Wall Street lost billions, and I hope they learned their lesson and next time will not crash the market when unverified news comes out.
Being a citizen of a western nation, I'm inclined to agree with the general sentiment here, but how can you definitively say this? You, or I, don't know with any certainty what interference the US government has played with domestic LLMs, or what lies they have fabricated and cultivated, that are now part of those LLMs' collective knowledge. We can see the perceived censorship with deepseek more clearly, but that isn't evidence that we're in any safer territory.
There are loads of examples on the internet of LLMs pushing (foreign) government narratives e.g. on Israel-Palestine.
Just because you might agree with the propaganda doesn't make it any less problematic.
These arguments always remind me of the arguments against Huawei because they _might_ be spying on western countries. On the other hand we had the US government working hand in hand with US corporations in proven spying operations against western allies for political and economic gain. So why should we choose an American supplier over a Chinese one?

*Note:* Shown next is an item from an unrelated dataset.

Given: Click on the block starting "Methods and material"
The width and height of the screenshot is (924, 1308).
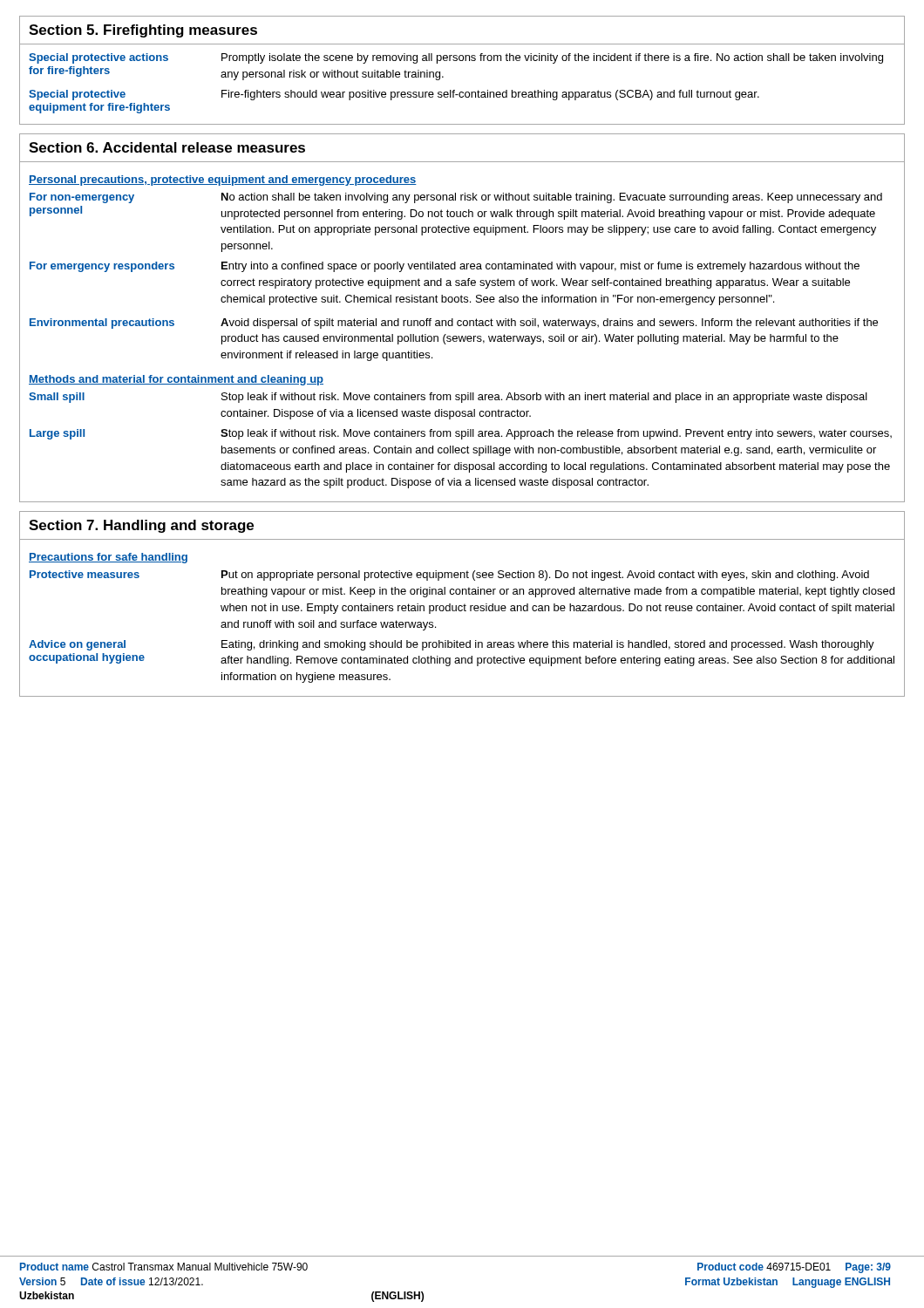Looking at the screenshot, I should point(176,379).

> I think DeepSeek’s strategy to announce a misleading low cost (just the final training run that optimizes a base model that in turn is possibly based on OpenAI) is also purposeful. After all, High Flyer, the parent company of DeepSeek, is a hedge fund - and I bet they took out big short positions on Nvidia before their recent announcements. The Chinese government, of course, benefits from a misleading number being announced broadly, causing doubt among investors who would otherwise continue to prop up American technology startups. Not to mention the big fall in American markets as a result.
Why should I care about the stock value of US corporations?

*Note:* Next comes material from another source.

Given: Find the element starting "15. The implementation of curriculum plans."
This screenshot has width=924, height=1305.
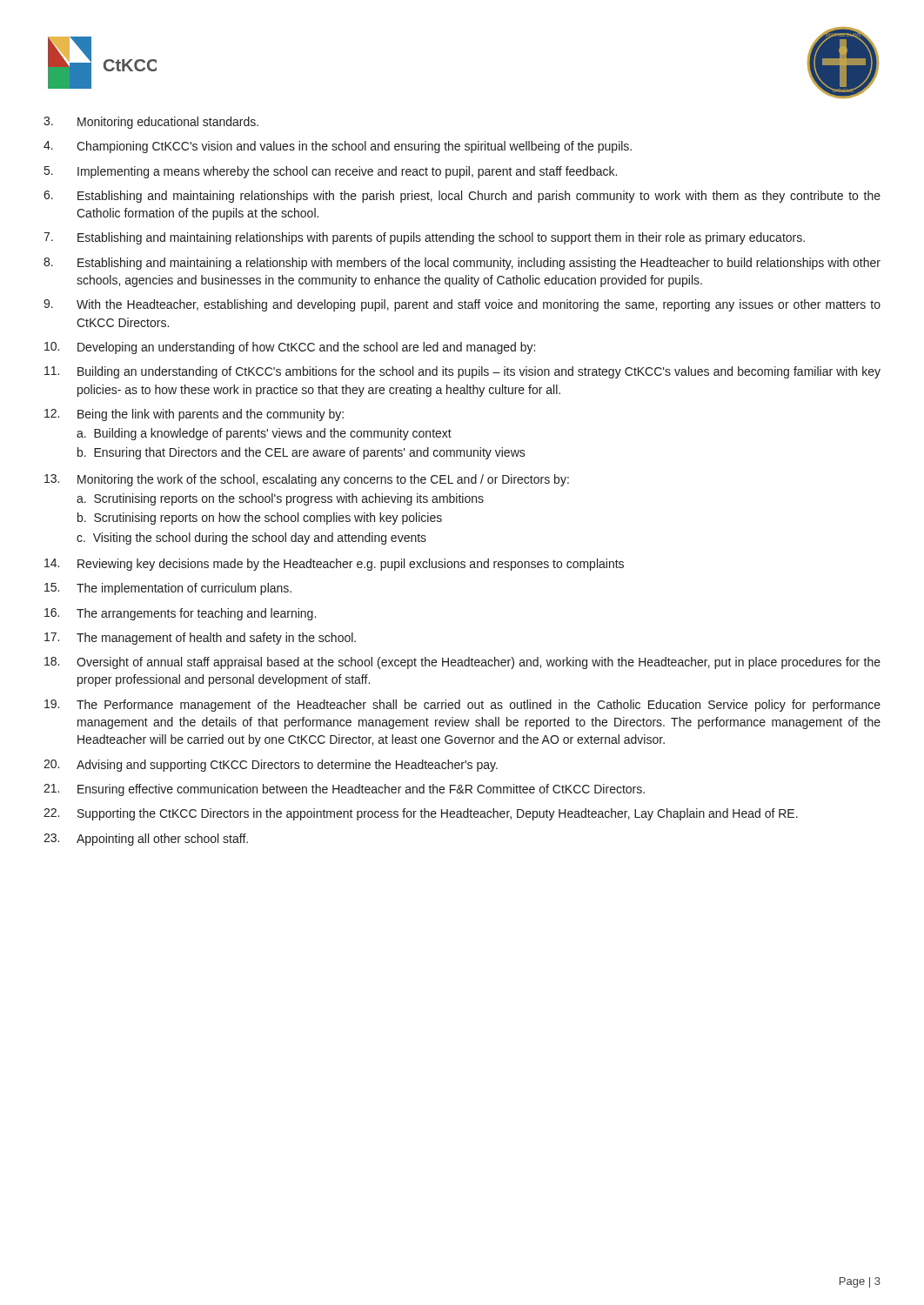Looking at the screenshot, I should point(168,589).

> I do think there’s also a big difference between scraping the Internet for training data, which might just be fair use, and training off other LLMs or obtaining their assets in some other way.
So if training of copyrighted work scrapped of the Internet is fair use, how would the training of the LLMs not be fair use as well? You can't have it both ways.
Is corporate misinformation so much better? Recall about Tienanmen Square might be more honest but if LLMs had been available over the past 50 years, I would expect many popular models would have cheerfully told us company towns are a great place to live, cigarettes are healthy, industrial pollution has no impact on your health, and anthropogenic climate change isn't real.
Especially after the recent behaviour of Meta, Twitter, and Amazon in open support of Trump and Republican interests, I'll be shocked if we don't start seeing that reflected in their LLMs over the next few years.
I had literally come to this post to say the same. You beat me to it.
USA is going crazy over deepseek and to me , it just shows that the world is a black swan , an AI bubble.
I am not saying AI has no use. I regularly use it to create something , but its just not recommended. I am going to stop using AI , to grow my mind.
And its definitely way overpriced. People are investing so much money without seeing the returns? , and I think people are also using AI because of a sense of FOMO , I don't know , to me its funny .
I really really want to create a index fund with strictly no AI companies. Since this doesn't feel diversified enough. Like sure nvidia gave a quarter of return the last year , but I mean , at this point , it almost feels the same as that of bitcoin. The reason I don't / won't invest in bitcoin is I don't want "that" risk.
This has been a boggling year.
I have realized that the world is crazy. Truly. Trump winning from going to the point of getting shot to deepseek causing nvidia / american stock market to go down , heck even bitcoin! , its so crazy , trump launching his meme coin. If the world is crazy. Just be the sane person around. You will stick around , that's my philosophy. I won't jump on AI wandwagon . But its still absolutely wild & horror seeing how a "sideproject" (deepseek) absolutely put american stock market in shambles.
I want more diversifaction. I am not satisfied with the current system. This feels like a bubble and I want no part in it.